‘It is a way of meeting people, but also learning about things’
Few people will understand the responsibilities and rewards of volunteering better than Val Stewart.
Not only has Val, who lives in Skipton, undertaken a wide variety of volunteering roles during her life, but spent 14 years as volunteer co-ordinator for Carers’ Resource in the area, managing the needs of volunteers and the people they supported. She recruited, trained, supported and placed volunteers and made sure they were happy.
“Volunteers did everything from helping run a huge Edwardian garden fete at Broughton Hall to every month turning out to run lunch groups and coffee mornings around the area for the unpaid carers,” she said.
“Carers Resource supported family carers, so the husband looking after the wife who was ill, the daughter looking after mum, etcetera. It was a very wide-ranging charity. We dealt with child carers right through to an 80-year-old lady who was looking after her mother.
“For a volunteer, the pay is getting what they need out of it, whether that is gaining work experience, building up friendships or getting confidence. It’s a volunteer co-ordinator’s job to try to ensure that they get what they need, otherwise they leave.”

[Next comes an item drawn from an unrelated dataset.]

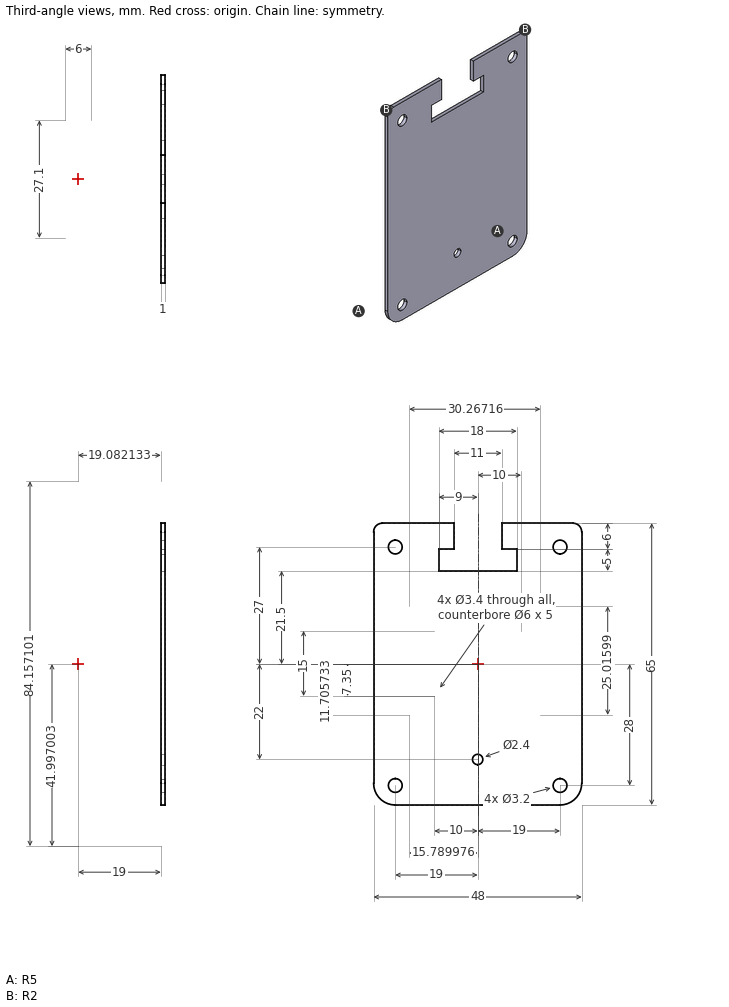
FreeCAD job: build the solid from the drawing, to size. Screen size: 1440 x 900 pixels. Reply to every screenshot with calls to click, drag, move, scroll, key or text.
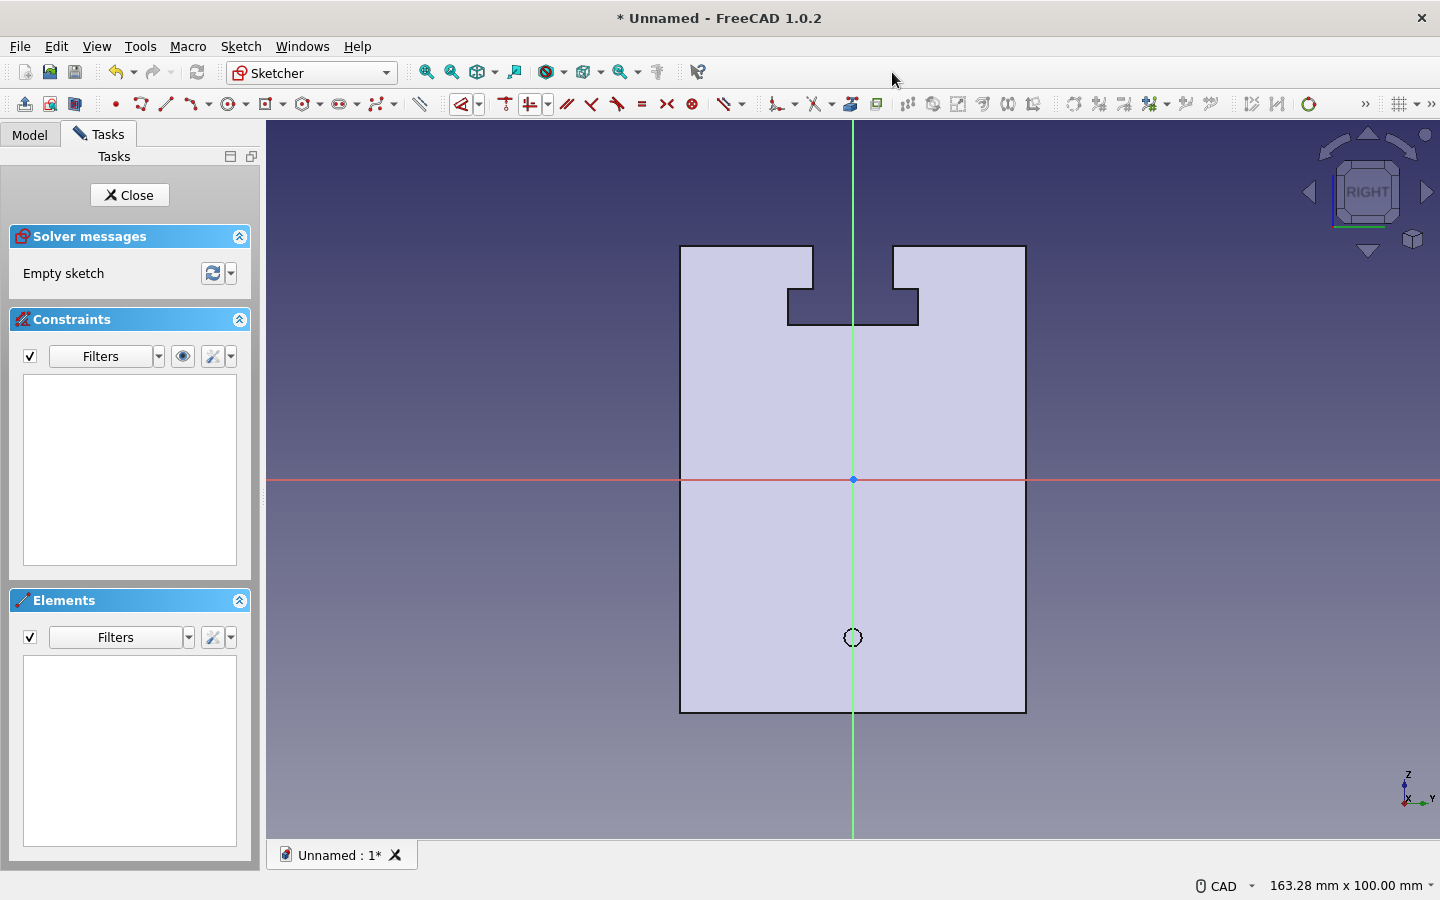
scroll(883, 478, up, 6)
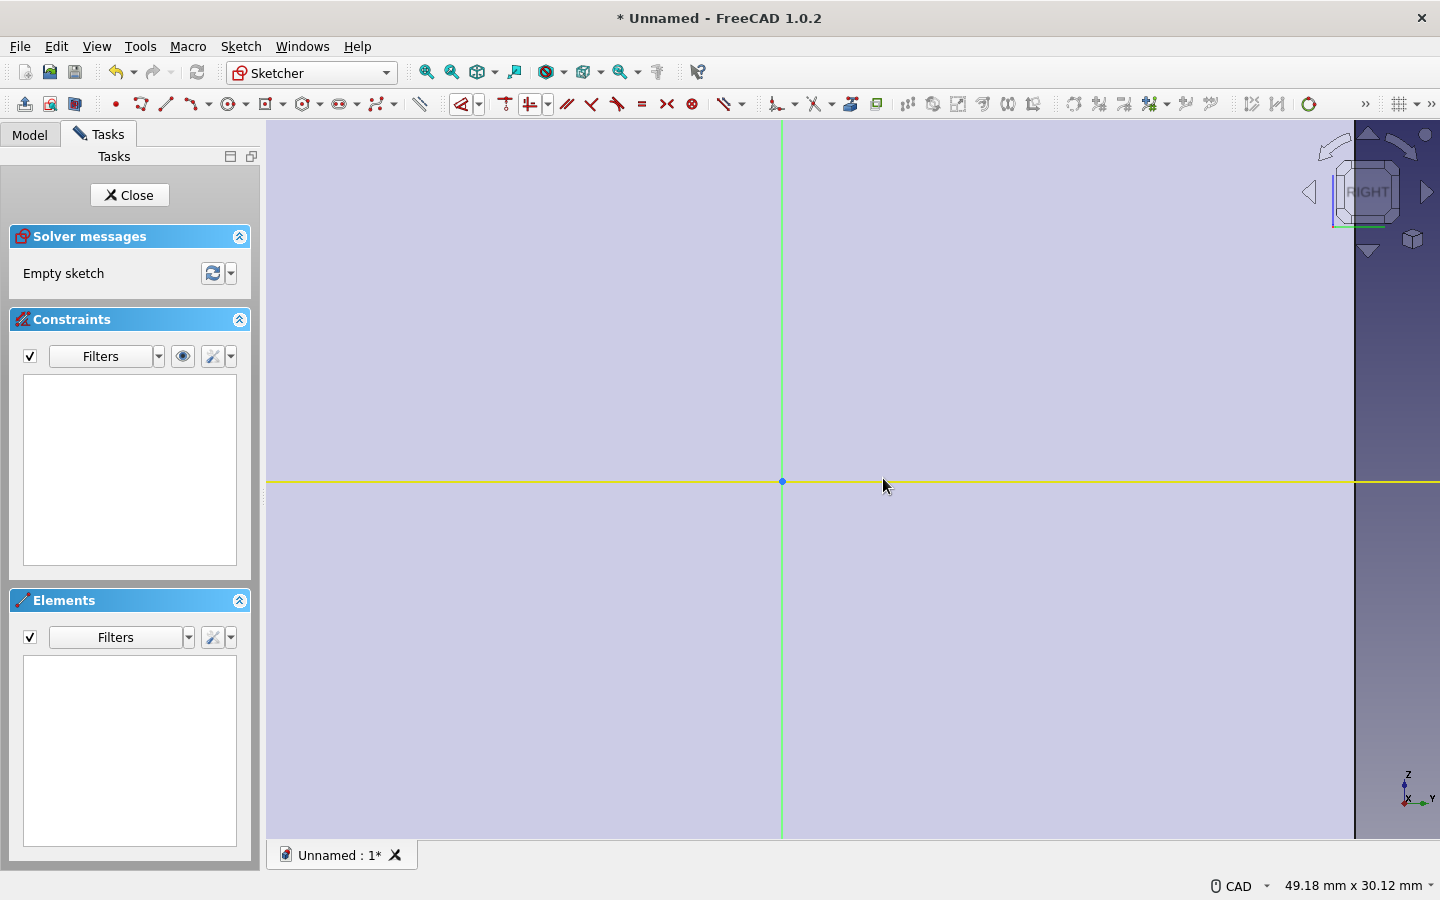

Val’s own volunteering roles have ranged from four years with Samaritans to a classroom assistant to helping at a stroke unit and the RSPB peregrine falcon watch at Malham Cove.
Since retiring last year, Val, 65, volunteers at Craven Museum, Skipton, as well as front of house at The Folly in Settle.
“I have moved around a lot,” she said. “So it is a way of meeting people, but it is also a way of learning about things that I wouldn’t overwise have much contact with and using skills that maybe your job doesn’t use.”
At the museum, she is part of a team cataloguing the collections, currently working on social history objects – everything from police shackles to medical equipment to jewellery.
“I have always been interested in history, but always thought I was useless at it because in my day you were taught history as dates and battles,” she said. “That never really grabbed me, but I have now discovered social history, so I am thoroughly enjoying it.”
Jenny Hill, museum and collections Lead at Craven Museum, said: “The work that volunteers like Val do really helps us to be able to keep sharing stories from the museum collection and to make it accessible for visitors and researchers. It also helps us to conserve and protect the collection for the future. We are incredibly grateful for all the help and support from volunteers.”
Val believes anyone who wants to volunteer should be able to find something to suit them.
“If somebody has the time, they will probably find something that interests them, whether it is working with steam railways or sitting on the end of the phone listening to someone in real despair, as I have done,” she said. “It is whatever you find fulfilling.”